[Data excerpts]
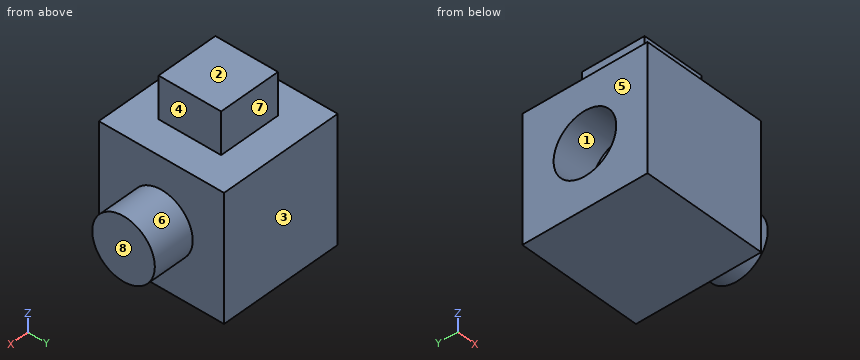
from build123d import *

# Parameters (mm, degrees)
F0_W     = 76.2
F0_H     = 76.2
F1_DEPTH = 76.2
F2_W     = 38.1
F2_H     = 38.1
F5_DEPTH = 25.4
F3_R     = 19.05
F6_DEPTH = 25.4
F4_R     = 19.05
F7_DEPTH = 25.4


with BuildPart() as f1:
    # F0 (on Top) → F1 (new body)
    with BuildSketch(Plane.XY):
        with Locations((-29.714826, -11.961539)):
            Rectangle(F0_W, F0_H)
    extrude(amount=F1_DEPTH)

    # F2 (on face) → F5 (join)
    with BuildSketch(Plane.XY.offset(76.2)):
        with Locations((-29.714826, -11.961539)):
            Rectangle(F2_W, F2_H)
    extrude(amount=F5_DEPTH)

    # F3 (on face) → F6 (join)
    with BuildSketch(Plane.YZ.offset(8.385174)):
        with Locations((-11.961539, 38.1)):
            Circle(F3_R)
    extrude(amount=F6_DEPTH)

    # F4 (on face) → F7 (cut)
    with BuildSketch(Plane(origin=(-67.814826, 0, 0), x_dir=(0, -1, 0), z_dir=(-1, 0, 0))):
        with Locations((11.961539, 38.1)):
            Circle(F4_R)
    extrude(amount=-F7_DEPTH, mode=Mode.SUBTRACT)


solid = f1.part
Verification items for the finished model (mm, model axes). Face numbers are marked on the shaded views. A direction names the side the tool comes from. Round coordinates to 2 decimals unless told otherwise and drop trailing zeros. Loops run counter-clockwise (first coordinate to the right, second up) from the corner with the lowest first, then second, coordinate; pieces in that order, holes last. Notation, with made-up numbers: (5, 14.25) - (17, 14.25) arc R9 ccw to (17, 21.25) - close; hole circle Ø5 at (12, -19). An arc over 180 degrees is marked (long way). Use one line per item in the form item = value.
1. Section check D-D on y = 18. Record the cut outline in (x, z).
A:
outline = (-67.81, 0) - (8.39, 0) - (8.39, 76.2) - (-67.81, 76.2) - close
2. Access from +Z, -Z, +X, -X, +Y, -Y to the whole of each face (thin tool, end or side, straight path). Record for the marked faces 4, 5, 6, 7 and 8.
A:
face_4 = +Z, +X, +Y, -Y
face_5 = +Z, -Z, -X, +Y, -Y
face_6 = +X
face_7 = +Z, +X, -X, +Y
face_8 = +Z, -Z, +X, +Y, -Y
3. Scan lines: probe 1 along Y at (x, z) = (-51, 38); probe 2 along X at (y, z) = (12.5, 19.5); probe 3 along X at (y, z) = (-4, 45.5). Record each from-to range of solid material in increasing order.
A:
probe_1 = -50.06 to -31.01, 7.09 to 26.14
probe_2 = -67.81 to 8.39
probe_3 = -42.41 to 33.79
4. Gauge pin test, flat ends, axial feed: pin 1 Ø12 at (x, y) = (19, -1) entering from -Z; pin 2 Ø20.5 at (y, z) = (-5, 94) entering from +X; pin 3 Ø4 at (x, y) = (-53.5, 5.5) entering from +Z. Record the tip position at first contact, or that the pin passes through.
A:
pin_1 = 19.71
pin_2 = -10.66
pin_3 = 76.2
5. Section check A-A on z = 38.1. Record the cut outline in (x, y), and give its area (3 significant figures).
A:
outline = (-67.81, -50.06) - (8.39, -50.06) - (8.39, -31.01) - (33.79, -31.01) - (33.79, 7.09) - (8.39, 7.09) - (8.39, 26.14) - (-67.81, 26.14) - (-67.81, 7.09) - (-42.41, 7.09) - (-42.41, -31.01) - (-67.81, -31.01) - close
area = 5,810 mm²
6. Section check C-C on y = -5.5. Record the cut outline in (x, z), and give its area (3 significant figures).
A:
outline = (-67.81, 0) - (8.39, 0) - (8.39, 20.18) - (33.79, 20.18) - (33.79, 56.02) - (8.39, 56.02) - (8.39, 76.2) - (-10.66, 76.2) - (-10.66, 101.6) - (-48.76, 101.6) - (-48.76, 76.2) - (-67.81, 76.2) - (-67.81, 56.02) - (-42.41, 56.02) - (-42.41, 20.18) - (-67.81, 20.18) - close
area = 6,770 mm²
7. Draft check along Z on the marked faces 1, 2 and 3. Enter one of: pulls with the +Z half, pulls with the -Z half, needs draft (parallel to the pull), parting line crosses it, or undercut.
A:
face_1 = undercut
face_2 = pulls with the +Z half
face_3 = needs draft
8. Section check B-B on x = -13. Record the cut outline in (y, z), and give its area (3 significant figures).
A:
outline = (-50.06, 0) - (26.14, 0) - (26.14, 76.2) - (7.09, 76.2) - (7.09, 101.6) - (-31.01, 101.6) - (-31.01, 76.2) - (-50.06, 76.2) - close
area = 6,770 mm²
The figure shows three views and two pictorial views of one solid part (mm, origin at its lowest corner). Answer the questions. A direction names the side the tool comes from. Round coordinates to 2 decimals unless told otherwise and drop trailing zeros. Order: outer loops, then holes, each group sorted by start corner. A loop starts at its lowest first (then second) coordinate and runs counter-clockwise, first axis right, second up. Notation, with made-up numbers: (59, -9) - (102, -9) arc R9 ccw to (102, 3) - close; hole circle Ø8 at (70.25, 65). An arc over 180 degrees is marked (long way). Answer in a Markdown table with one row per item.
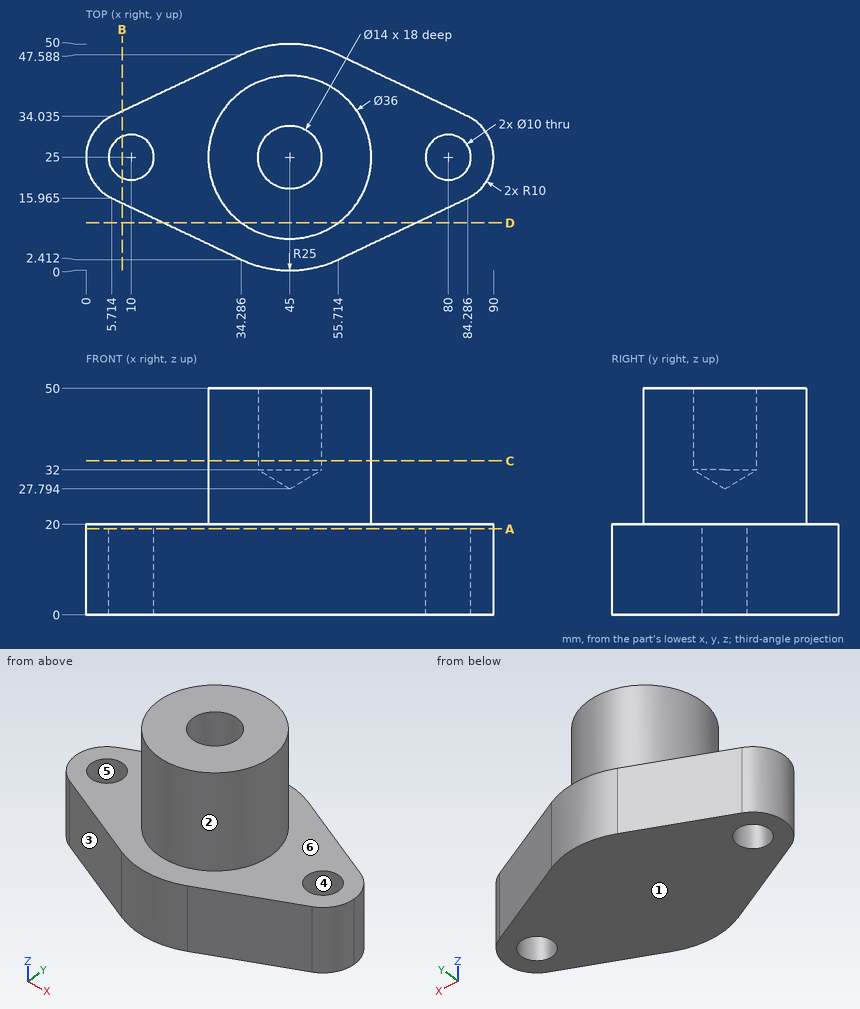
1) Find section D-D, the plane y = 10.5. Give the vertices of the cut face in (x, z) (1 decimal).
Filled in:
| item | result |
|---|---|
| outline | (17.2, 0) - (72.8, 0) - (72.8, 20) - (55.7, 20) - (55.7, 50) - (34.3, 50) - (34.3, 20) - (17.2, 20) - close |
2) The mould has two halves that part along Y. Classify the marked faces 3, 4, 5 and 6: released by +Y, released by -Y, zero draft, split by the parting line, or undercut.
Filled in:
| item | result |
|---|---|
| face 3 | released by -Y |
| face 4 | undercut |
| face 5 | undercut |
| face 6 | zero draft |
3) Find section A-A, the plane z = 19. Give the vertices of the cut face in (x, y) (1 decimal), then the cut area to 3 significant figures.
Filled in:
| item | result |
|---|---|
| outline | (5.7, 16) - (34.3, 2.4) arc R25 ccw to (55.7, 2.4) - (84.3, 16) arc R10 ccw to (84.3, 34) - (55.7, 47.6) arc R25 ccw to (34.3, 47.6) - (5.7, 34) arc R10 ccw to start; hole circle Ø10 at (10, 25); hole circle Ø10 at (80, 25) |
| area | 2,840 mm^2 |
4) Find the intervals of material crossed by probe 1 along X at (y, z) = (25, 5.25); probe 2 along Y at (x, z) = (45, 43); probe 3 along Z at (x, y) = (47.5, 5), in increasing order. Write a range as from..to.
Filled in:
| item | result |
|---|---|
| probe 1 | x = 0..5, 15..75, 85..90 |
| probe 2 | y = 7..18, 32..43 |
| probe 3 | z = 0..20 |
5) Which of the six approach directions +Z, -Z, +X, -X, +Y, -Y give full straight-line access (tool end or side, diameter ignored) to the marked faces 1 and 2?
Filled in:
| item | result |
|---|---|
| face 1 | -Z, +X, -X, +Y, -Y |
| face 2 | +Z |
6) Find section B-B, the plane x = 8. Give the vertices of the cut face in (y, z).
Filled in:
| item | result |
|---|---|
| outline | (14.88, 0) - (20.42, 0) - (20.42, 20) - (14.88, 20) - close; (29.58, 0) - (35.12, 0) - (35.12, 20) - (29.58, 20) - close |
7) Find section C-C, the plane z = 34. Give the vertices of the cut face in (x, y).
Filled in:
| item | result |
|---|---|
| outline | circle Ø36 at (45, 25); hole circle Ø14 at (45, 25) |
8) Each of these flat-tipped pins is pushed along its axis until it touches: pin 1 (2 mm diameter, centred on y = 15, z = 27, fed in from +X); pin 2 (12 mm diameter, centred on y = 42, z = 33, fed in from +X); pin 3 (8 mm diameter, centred on x = 67.5, z = 21.5, fed in from +Y); pin 4 (18 mm diameter, centred on x = 45, y = 25, fed in from +Z). Where does it stop, or does it pass through?
Filled in:
| item | result |
|---|---|
| pin 1 | stops at x = 60.59 |
| pin 2 | stops at x = 59.25 |
| pin 3 | stops at y = 43.76 |
| pin 4 | stops at z = 50 |
from build123d import *

# Parameters (mm, degrees)
F1_DEPTH = 10
F0_W     = 36.4919372275
F0_H     = 8
F2_DEPTH = 3
F3_ANGLE = 22.5
F4_R     = 1.5
F5_DEPTH = 28.001


with BuildPart() as f1:
    # F0 (on Top) → F1 (new body)
    with BuildSketch(Plane.XY):
        Polygon((26.5120977908, 10), (-17.4879022092, 10), (-17.4879022092, -18), (26.5120977908, -18), (26.5120977908, -10), (-9.9798394367, -10), (-9.9798394367, -8), (-9.9798394367, 0), (-9.9798394367, 2), (26.5120977908, 2), align=None)
    extrude(amount=-F1_DEPTH)

    # F0 (on Top) → F2 (join)
    with BuildSketch(Plane.XY):
        with Locations((8.2661291771, -4)):
            Rectangle(F0_W, F0_H)
    extrude(amount=-F2_DEPTH)

    # F0 (on Top) → F3 (revolve)
    with BuildSketch(Plane.XY):
        with Locations((8.2661291771, -4)):
            Rectangle(F0_W, F0_H)
    revolve(axis=Axis((-9.9798394367, -4, 0), (0, -1, 0)), revolution_arc=F3_ANGLE)

    # F4 (on face) → F5 (cut, through all)
    with BuildSketch(Plane.XZ.offset(18)):
        with Locations((-11.4879022092, -5)):
            Circle(F4_R)
        with Locations((4.5120977908, -5)):
            Circle(F4_R)
        with Locations((20.5120977908, -5)):
            Circle(F4_R)
    extrude(amount=-F5_DEPTH, mode=Mode.SUBTRACT)


solid = f1.part
The listing builds one solid part. Answer for the finished solid, in the listing's coordinates (mm). A direction names the side the tool comes from. Give positions to 0.01 mm unless a question says otherwise; leave off trailing zeros. Order: outer loops, then holes, each group sorted by start corner. A loop starts at its lowest first (then second) coordinate and runs counter-clockwise, first axis right, second up. Notation, with made-up numbers: (36, 63.5) - (68, 63.5) arc R19 ccw to (68, 82.5) - close; hole circle Ø10 at (57.5, 29.5). An arc over 180 degrees is marked (long way). One line per item, written item: value. Start each with the question number.
1) A cutting plane is placed at D-D on x = -4.5. Give the vertices of the cut face in (y, z).
2) The mould has two halves that part along Z. Classify faces 3 (the face through (8, -4, -3)), 4 (the face through (25.83, -3.94, 7.02)), 5 (the face through (19.014, -14.056, -4.934)): released by +Z, released by -Z, zero draft, split by the parting line, or undercut.
3) Find the intervals of material crossed by L1, parallel to Y at x = 13, z = -1; L2, parallel to Y at x = -7.5, z = -8.25; L3, parallel to X at y = 5.25, z = -4.75, in increasing order.
4) A cutting plane is placed at C-C on x = 10.5. Give the vertices of the cut face in (y, z), then the cut area to 3 significant figures.
5) A cutting plane is placed at A-A on z = -5. Give the vertices of the cut face in (x, y), then the cut area to 3 significant figures.
6) Given pin 1 Ø2 at (x, y) = (3, 3.5) entering from +Z; pin 2 Ø5 at (x, z) = (6, 2) entering from -Y; pin 3 Ø9 at (x, y) = (0, -3) entering from -Z; pin 4 Ø1 at (x, y) = (7, -3.5) entering from +Z, each flat-ended and moving along its own axis, determine where each tip first touches the part or whether it passes through.
7) A cutting plane is placed at B-B on y = -12.5. Give the vertices of the cut face in (x, z).
8) A tool of negligible diameter and unlimited length cuts with its end or side. For faces 1 (the face through (5.943, 5.944, -4.549)), 2 (the face through (8, 2, -5)), from which of +Z, -Z, +X, -X, +Y, -Y can it reach the whole face along a straight path? Write none if from no direction.
Answer sheet:
1. outline: (-18, -10) - (-10, -10) - (-10, 0) - (-18, 0) - close; (-8, -3) - (0, -3) - (0, 2.27) - (-8, 2.27) - close; (2, -10) - (10, -10) - (10, 0) - (2, 0) - close
2. face 3: released by -Z
2. face 4: released by +Z
2. face 5: undercut
3. L1: y = -18 to -10, -8 to 0, 2 to 10
3. L2: y = -18 to -10, 2 to 10
3. L3: x = -17.49 to -12.97, -10.01 to 3.03, 5.99 to 19.03, 21.99 to 26.51
4. outline: (-18, -10) - (-10, -10) - (-10, 0) - (-18, 0) - close; (-8, -3) - (0, -3) - (0, 8.48) - (-8, 8.48) - close; (2, -10) - (10, -10) - (10, 0) - (2, 0) - close
4. area: 252 mm2
5. outline: (-17.49, -18) - (-12.99, -18) - (-12.99, 10) - (-17.49, 10) - close; (-9.99, -18) - (3.01, -18) - (3.01, -10) - (-9.98, -10) - (-9.98, 2) - (3.01, 2) - (3.01, 10) - (-9.99, 10) - close; (6.01, -18) - (19.01, -18) - (19.01, -10) - (6.01, -10) - close; (6.01, 2) - (19.01, 2) - (19.01, 10) - (6.01, 10) - close; (22.01, -18) - (26.51, -18) - (26.51, -10) - (22.01, -10) - close; (22.01, 2) - (26.51, 2) - (26.51, 10) - (22.01, 10) - close
5. area: 614 mm2
6. pin 1: stops at z = 0
6. pin 2: stops at y = -18
6. pin 3: stops at z = -3
6. pin 4: stops at z = 7.24
7. outline: (-17.49, -10) - (26.51, -10) - (26.51, 0) - (-17.49, 0) - close; hole circle Ø3 at (-11.49, -5); hole circle Ø3 at (4.51, -5); hole circle Ø3 at (20.51, -5)
8. face 1: +Y, -Y
8. face 2: +Z, -Z, +X

- Problem to solve
Every line holding the word "clockwise" should be copied out of the records above.

- Reply
Verification items for the finished model (mm, model axes). Face numbers are marked on the shaded views. A direction names the side the tool comes from. Round coordinates to 2 decimals unless told otherwise and drop trailing zeros. Loops run counter-clockwise (first coordinate to the right, second up) from the corner with the lowest first, then second, coordinate; pieces in that order, holes last. Notation, with made-up numbers: (5, 14.25) - (17, 14.25) arc R9 ccw to (17, 21.25) - close; hole circle Ø5 at (12, -19). An arc over 180 degrees is marked (long way). Use one line per item in the form item = value.
The figure shows three views and two pictorial views of one solid part (mm, origin at its lowest corner). Answer the questions. A direction names the side the tool comes from. Round coordinates to 2 decimals unless told otherwise and drop trailing zeros. Order: outer loops, then holes, each group sorted by start corner. A loop starts at its lowest first (then second) coordinate and runs counter-clockwise, first axis right, second up. Notation, with made-up numbers: (59, -9) - (102, -9) arc R9 ccw to (102, 3) - close; hole circle Ø8 at (70.25, 65). An arc over 180 degrees is marked (long way). Answer in a Markdown table with one row per item.
The listing builds one solid part. Answer for the finished solid, in the listing's coordinates (mm). A direction names the side the tool comes from. Give positions to 0.01 mm unless a question says otherwise; leave off trailing zeros. Order: outer loops, then holes, each group sorted by start corner. A loop starts at its lowest first (then second) coordinate and runs counter-clockwise, first axis right, second up. Notation, with made-up numbers: (36, 63.5) - (68, 63.5) arc R19 ccw to (68, 82.5) - close; hole circle Ø10 at (57.5, 29.5). An arc over 180 degrees is marked (long way). One line per item, written item: value. Start each with the question number.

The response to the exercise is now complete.